无机酸掺杂聚苯胺/碳纤维复合海洋电场传感器电极

图1 PANI/CF电极SEM图

Fig.1 SEM of PANI/CF electrodes

表1 XPS定量分析得到的各元素相对含量

Tab.1 Relative contents of different elements obtained by quantitative analysis of XPS

样品	r_C/%	r_O/%	r_N/%	r_Cl/%	r_S/%	r_P/%	n_C/n_N
PANI/CF-HCl	68.38	16.22	12.77	2.62			5.35
PANI/CF-H₂SO₄	64.73	25.36	8.20		1.70		7.89
PANI/CF-H₃PO₄	65.50	22.33	11.44			0.72	5.73

2.1.2 XPS分析

XPS测试得到PANI/CF电极表面化学成分如附录图2(a)所示,主要为C、N、O元素;另外PANI/CF-HCl、PANI/CF-H₂SO₄、PANI/CF-H₃PO₄组中,分别含有微量的Cl、S、P元素.其中,C元素与N元素主要来源于CF表面的PANI骨架,O元素源于膜表面的部分氧化或少量络合的酸根氧原子,Cl、S、P元素源于掺杂PANI中的反离子或聚合过程中使用的溶液.表1列出 PANI 膜中各元素的相对含量.表中:r为相对含量;n为原子数;下标为元素符号;空白表示该电极不含相应元素.一般来说,PANI中苯胺单元的碳氮比为6,聚丙烯腈碳纤维本身含有的C、N元素使碳氮比发生改变.

图2

图2 不同PANI/CF复合电极在3.5% NaCl溶液中1 mV/s扫速下的CV曲线

Fig.2 CV curves of different PANI/CF composite electrodes in 3.5% NaCl solution at a sweeping rate of 1 mV/s

PANI的通式为[(—B—NH—B—NH—)_y(—B—N=Q=N—)_1-_y]_x, 其中,B和Q分别表示苯型和醌型的C₆H₄环.通过N 1s分峰可进一步得到不同化学状态氮原子的相对含量.附图2(b)为N 1s分峰结果,其中389.5 eV为醌型环中的亚胺氮(—N=)^[13],399.6 eV为苯型环中的胺氮(—NH—)^[14],401.1 eV与402.6 eV为带正电荷的N⁺(氧化胺或质子化亚胺)^[15-16].每个样品中不同化学状态下氮的比例由N 1s分峰确定并列于表2.从表中可以看出H₂SO₄掺杂的 PANI-N=/-NH—最大,表明PANI链中约有30%的醌式环和70%的苯式环;HCl掺杂的PANI-N=/-NH—最小,约有20%的醌式环和80%的苯式环.由N⁺/N可知,各类酸的掺杂水平基本一致,在32%~34%.

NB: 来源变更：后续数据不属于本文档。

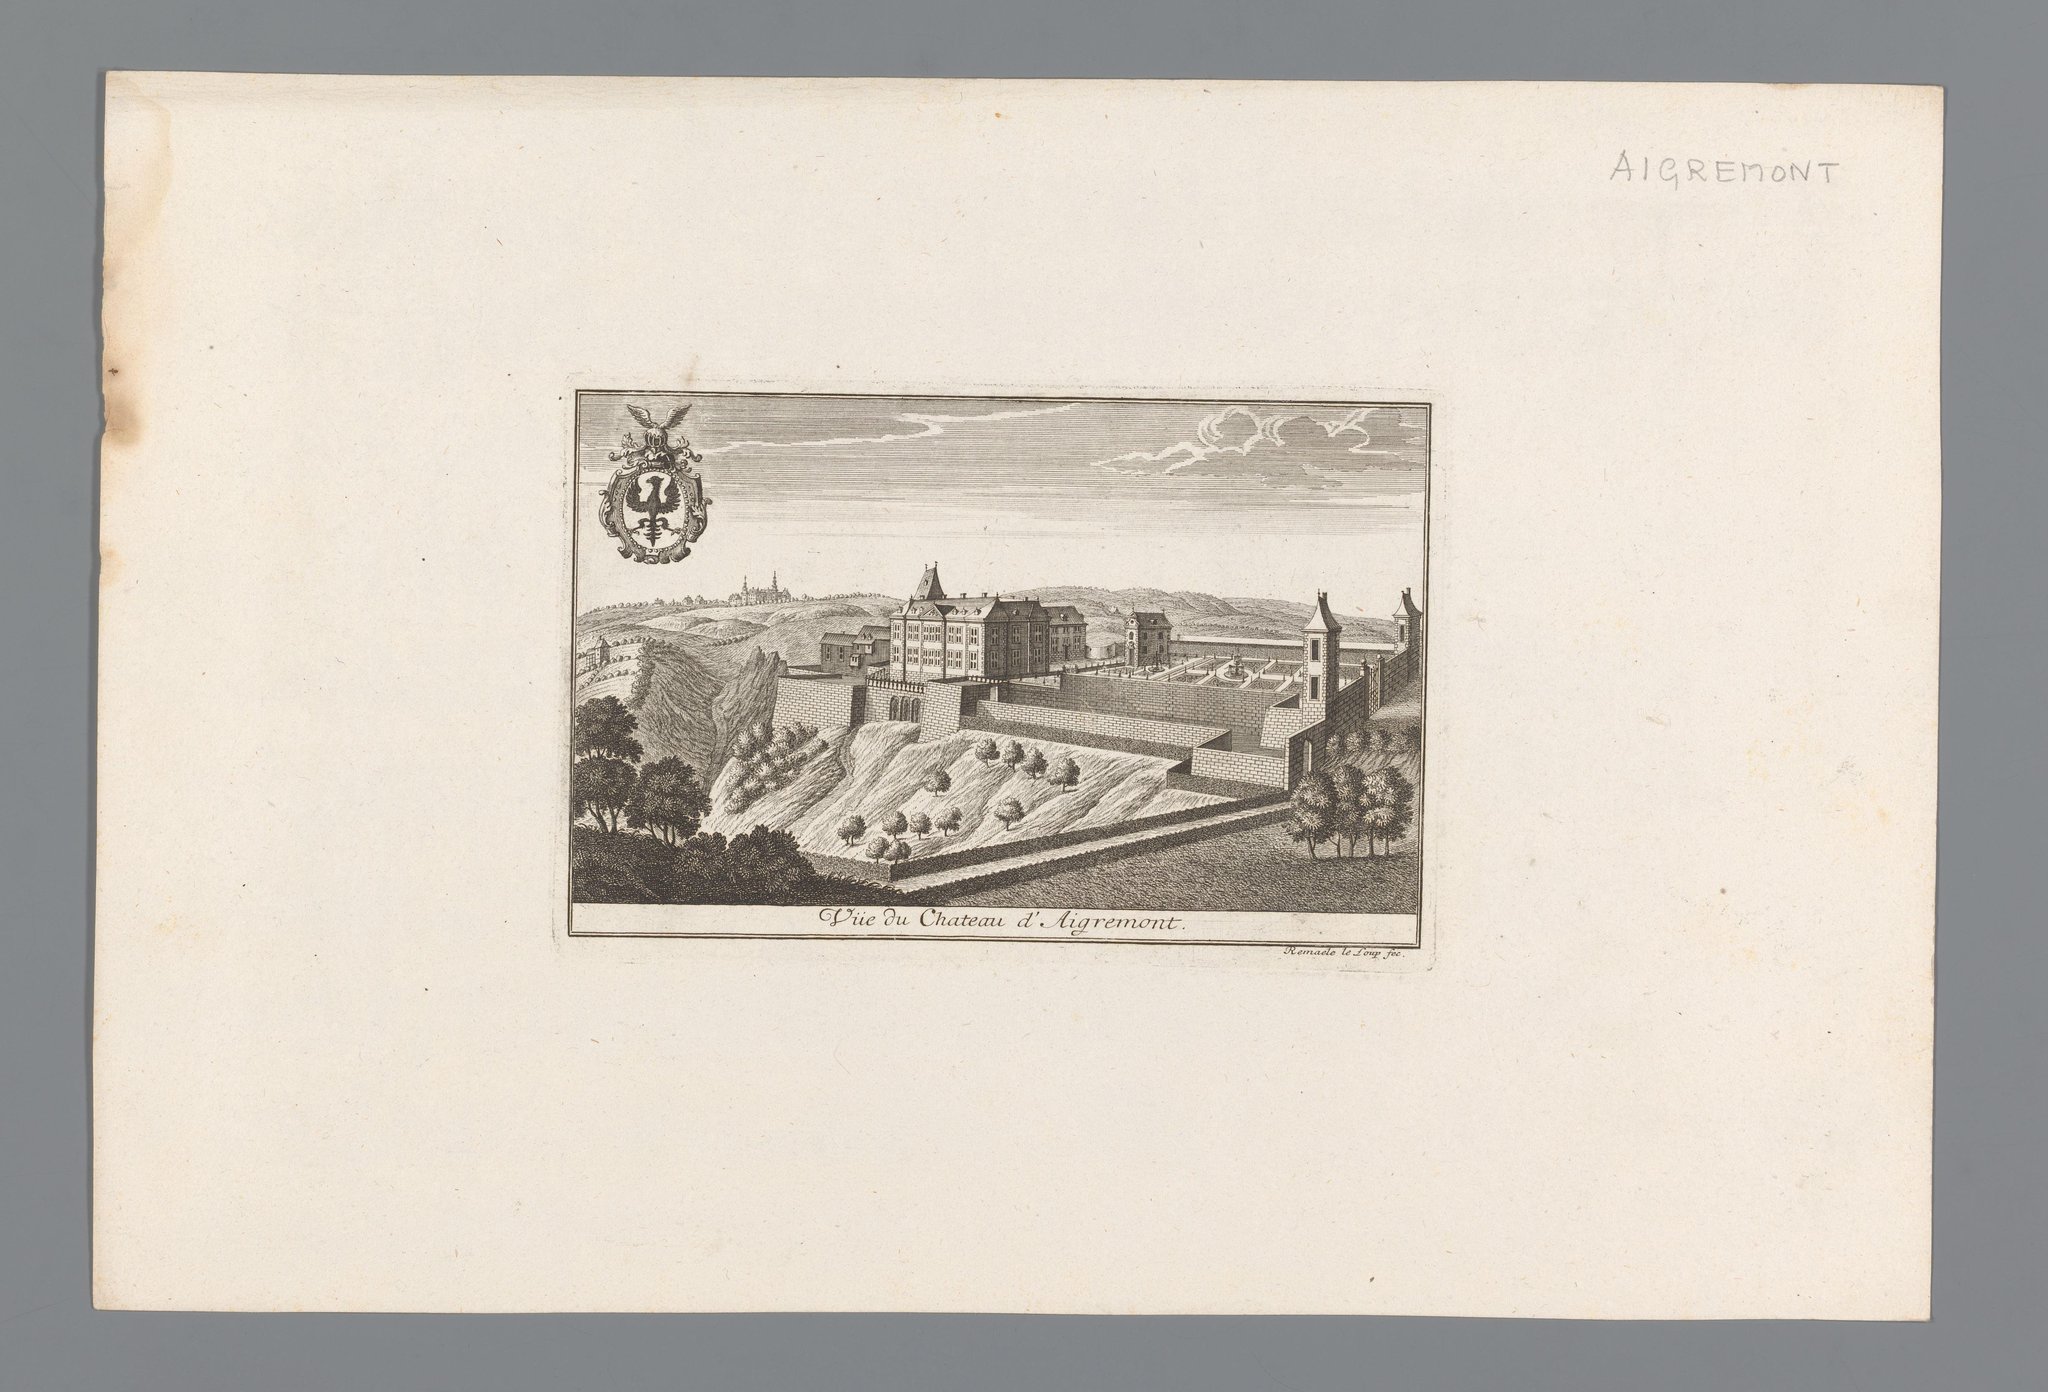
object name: print
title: Vuë du Chateau d'Aigremont
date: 1738-1744
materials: paper
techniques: etching
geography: liège
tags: castle, landscape with tower or castle, liège
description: Prent uit: Johanne de Saumery, Alexandre de et al. Les délices du paîs de Liège, ou description géographique, topographique et chorographique des monumes sacrés et profanes (...). 5 dln. Luik: Everard Kints, 1738-1744.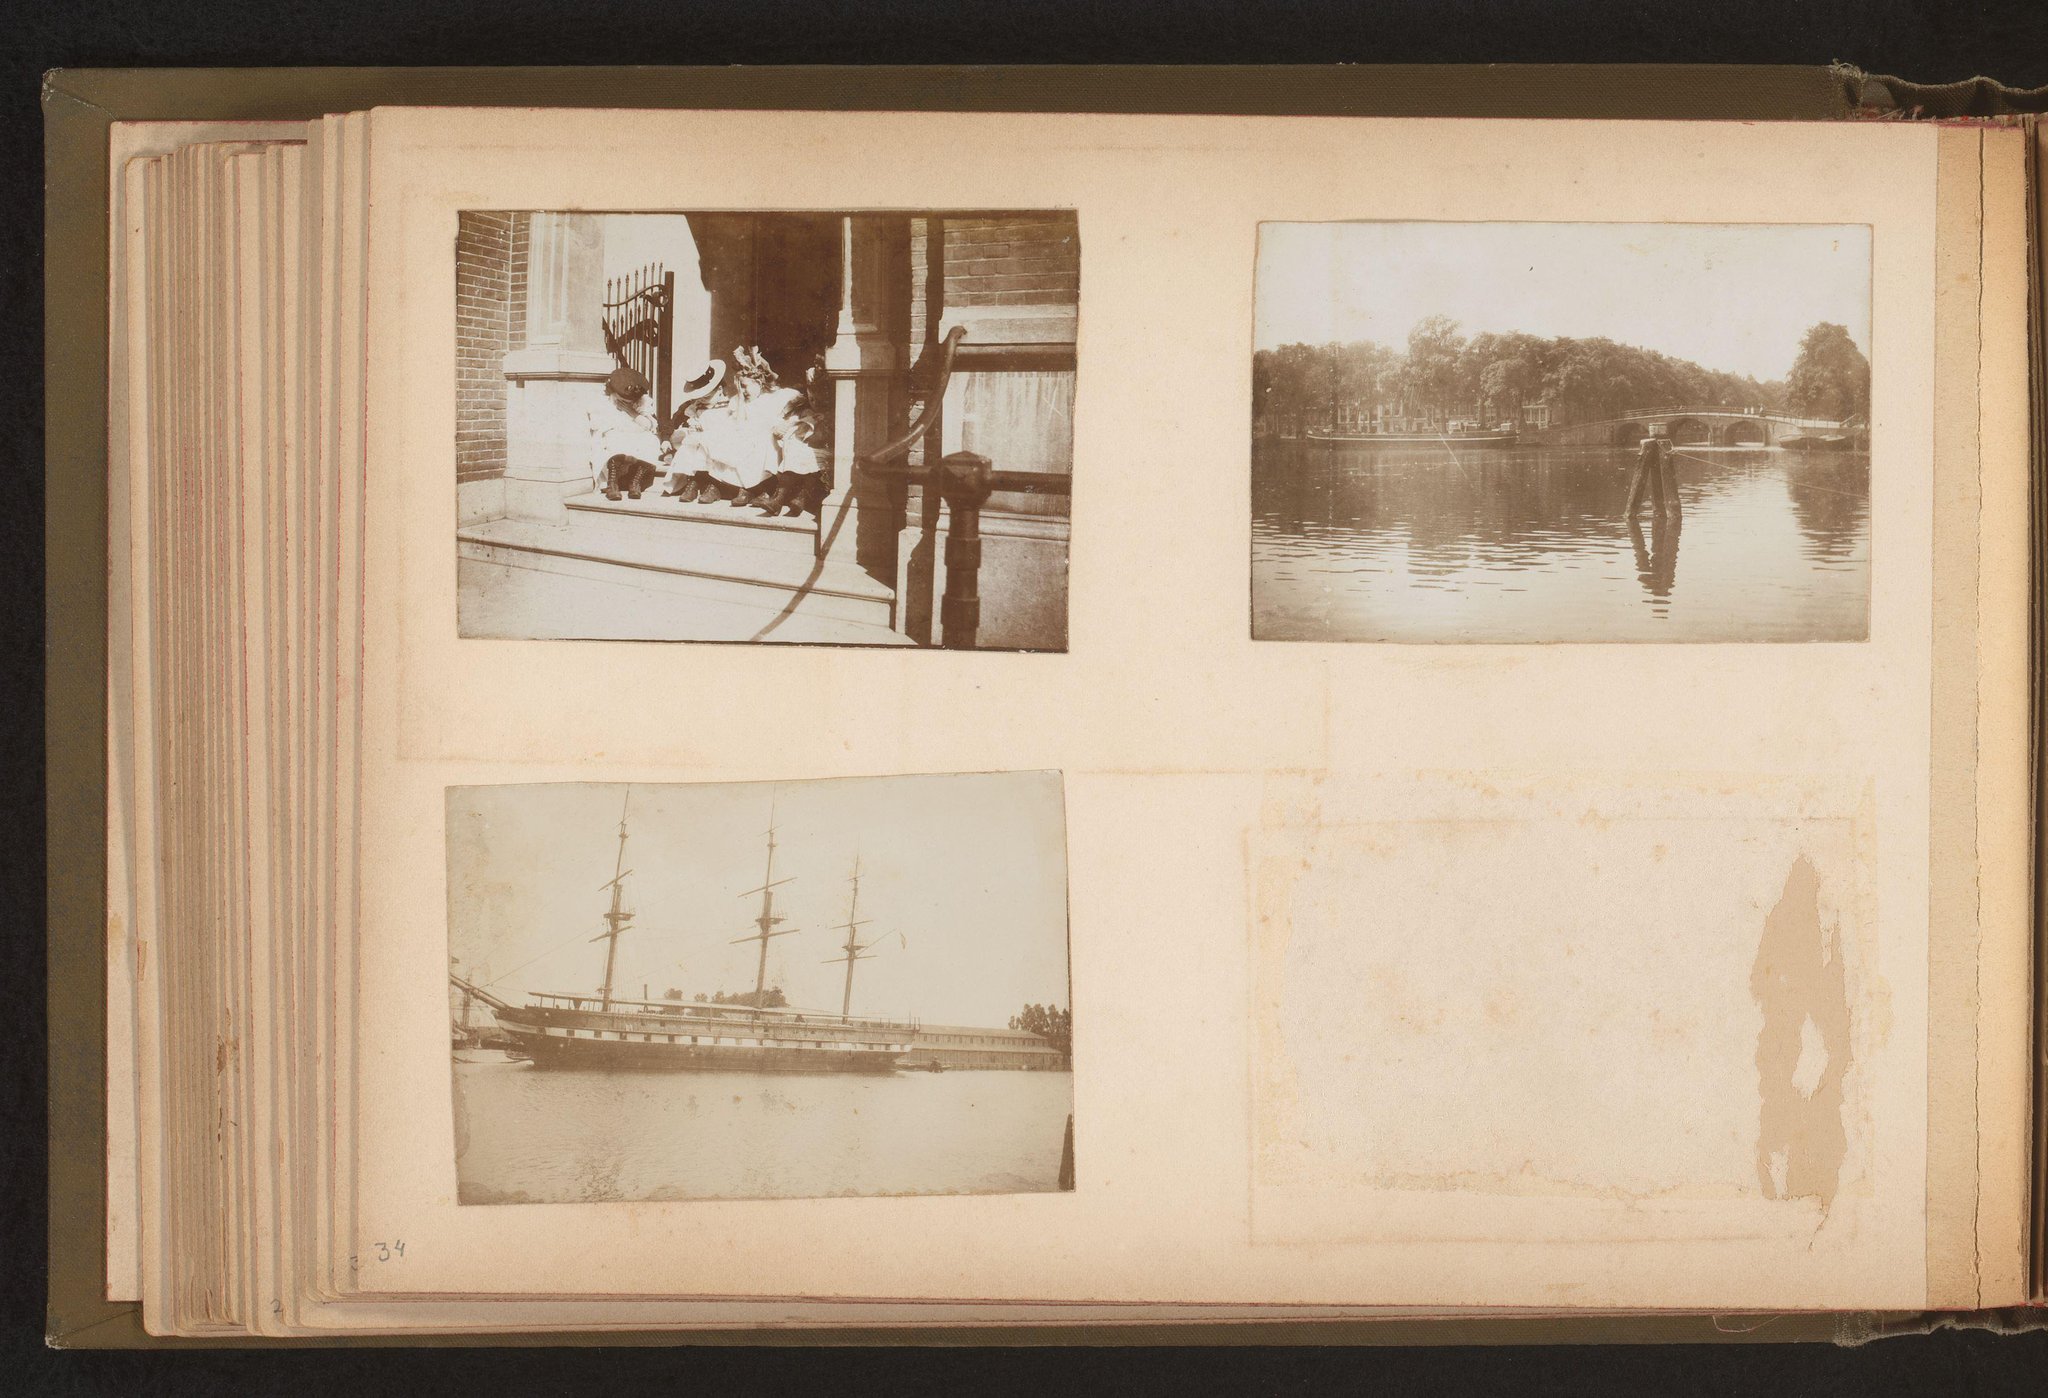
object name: album leaf
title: Drie foto's van Amsterdam, kinderen op een stoep, een gracht en een zeilschip
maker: Anonymous
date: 1895-1910
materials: paper
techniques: collodion silver print
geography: amsterdam
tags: sailing-ship, sailing-boat, child, canals, waters (in city), amsterdam
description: Deze foto's maken deel uit van een album.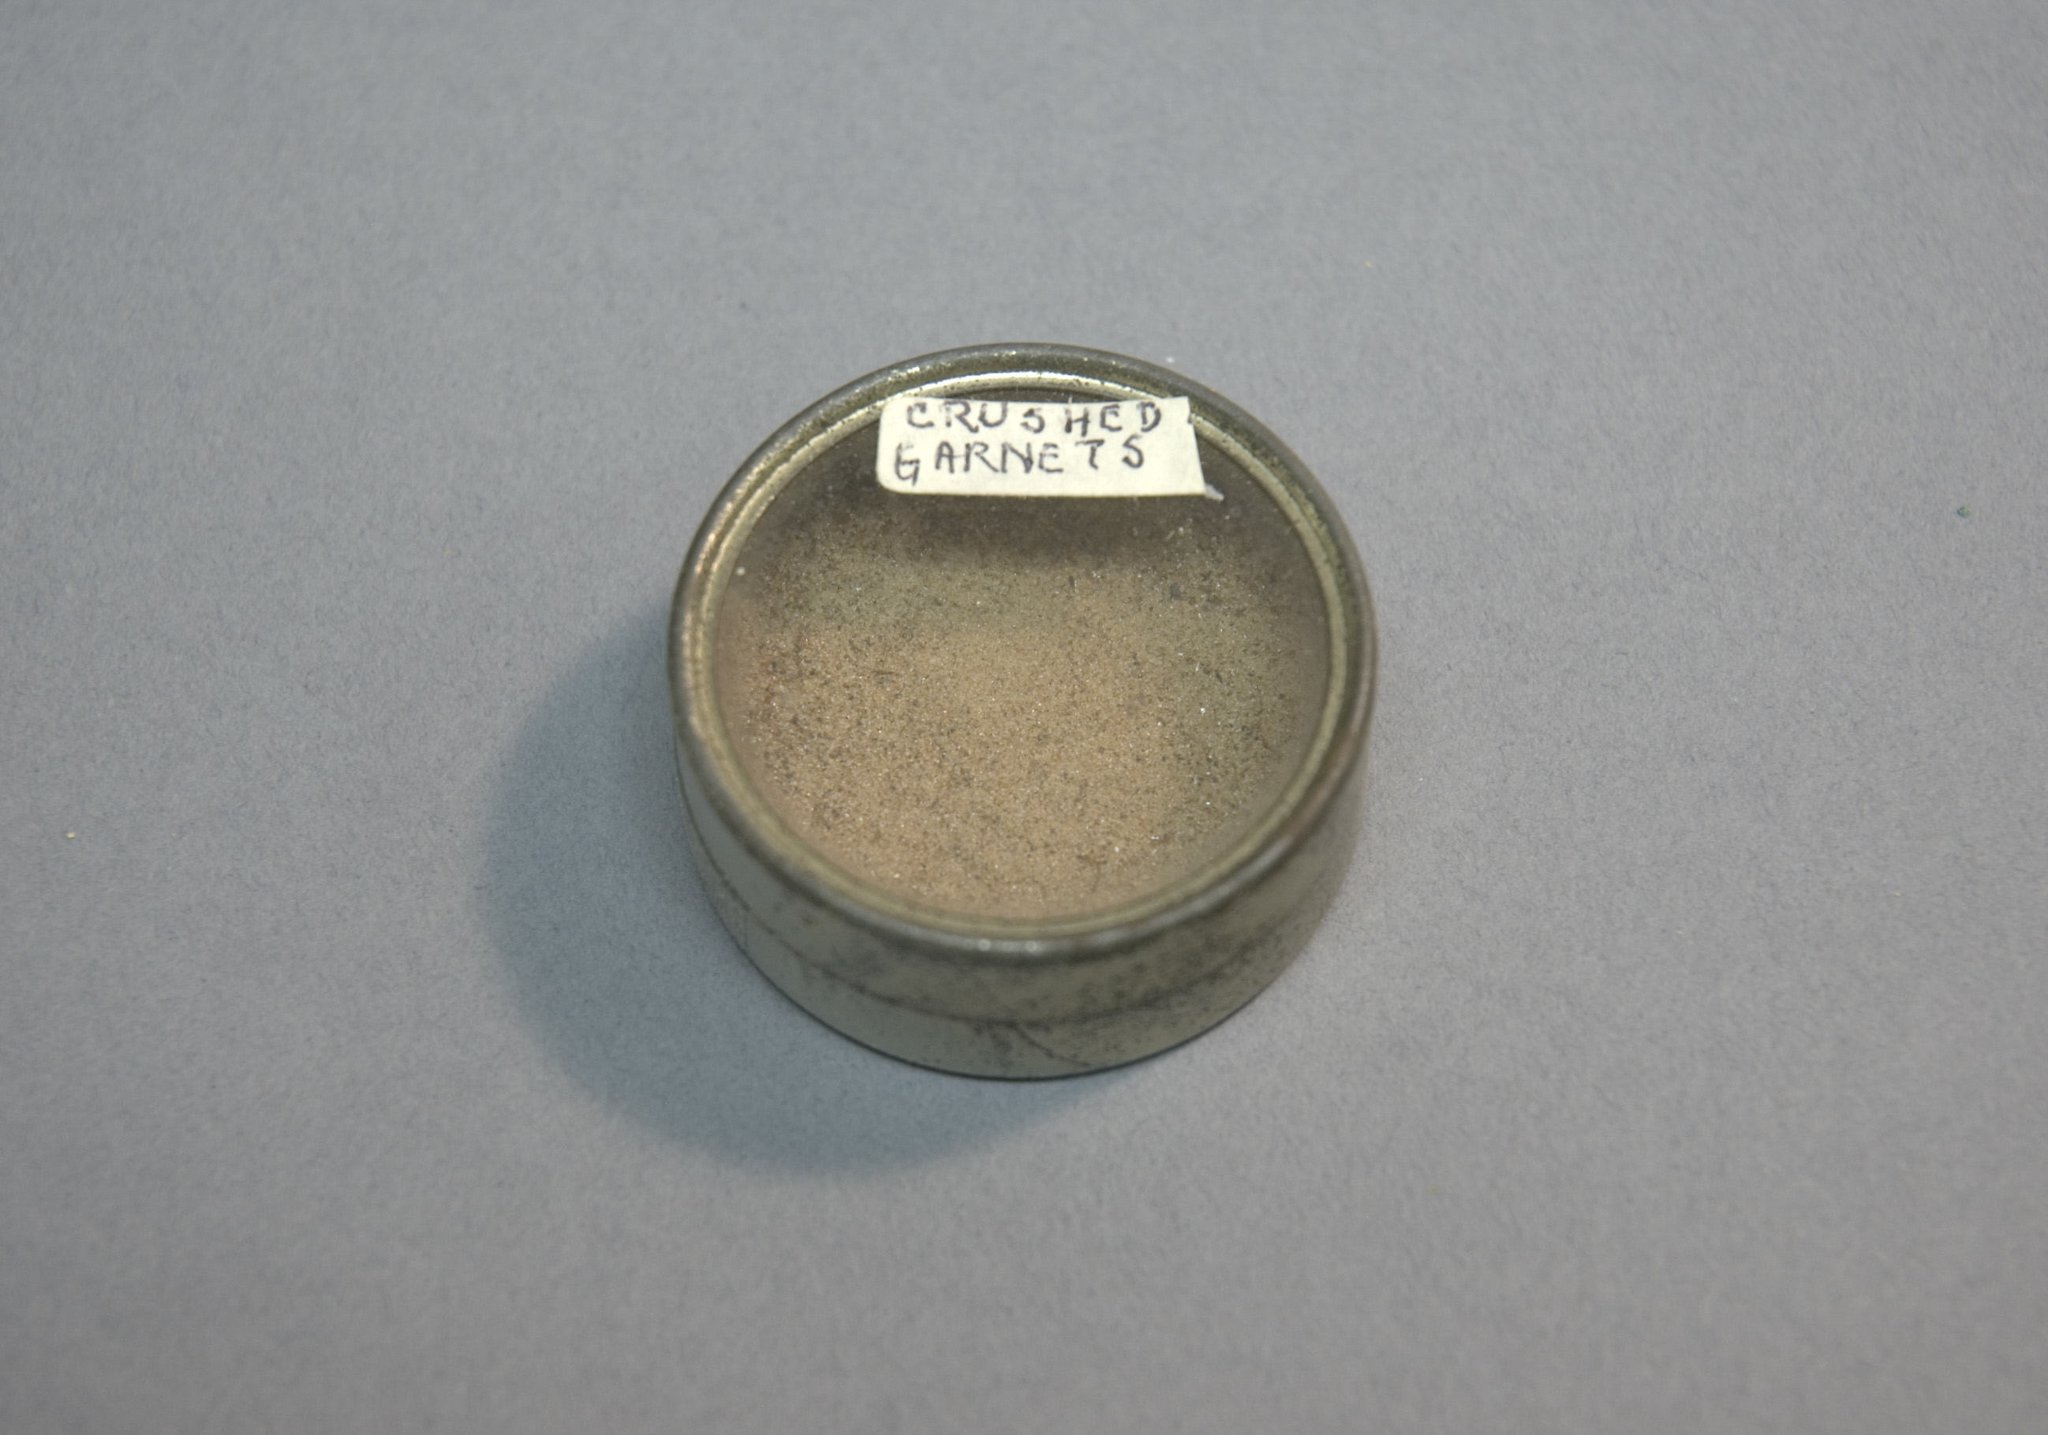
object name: jade carving material
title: Container of Crushed Garnets
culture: chinese
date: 1901-2000
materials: gemstone

表2 精细谱拟合产生的不同氮基团对N 1s光电子谱的贡献

Tab.2 Contribution of different nitrogen groups produced by fine spectrum fitting to N 1s photoelectron spectrum

样品	贡献率/%				贡献值
	—N=	—NH—	N⁺	N⁺/N	—N=/—NH—
	398.5 eV	399.6 eV	401.1 eV 402.6 eV	N⁺/N	—N=/—NH—
PANI/CF-HCl	11.91	55.55	32.54	32.54	0.21
PANI/CF-H₂SO₄	18.51	47.51	33.98	33.98	0.39
PANI/CF-H₃PO₄	15.62	51.82	32.56	32.56	0.30

2.1.3 显微结构分析

碳纤维表面形貌如图1所示.Blank电极表面光滑,仅残留有痕量杂质(见图1(a));PANI/CF-HCl电极表面PANI膜均匀多孔,呈珊瑚礁状(见图1(b));PANI/CF-H₂SO₄电极表面形成不均匀PANI膜(见图1(c));PANI/CF-H₃PO₄电极表面PANI呈现处颗粒状,并存在团聚现象,导致PANI膜厚度不均(见图1(d)).不同酸掺杂得到的PANI形貌有较大差异,这对PANI/CF电极响应电场信号及其他性能可能有较大影响.

2.2 电化学性能分析

2.2.1 循环伏安曲线分析

图2为CV测试结果.图中:I为电流;V为电压,相对于饱和甘汞电极.其中Blank电极CV曲线无氧化还原峰,呈电容特性;PANI/CF电极的CV曲线均可观察到PANI由离子掺杂和脱掺杂引起的氧化还原峰.在该过程中,电位正方向扫描时,掺杂PANI中的原有掺杂离子释放,并伴随对溶液中阴离子的掺杂,电位反转时,新掺杂离子被重新释放;电位负方向扫描时质子被吸收,并在电位逆转后从聚合物膜中释出^[17].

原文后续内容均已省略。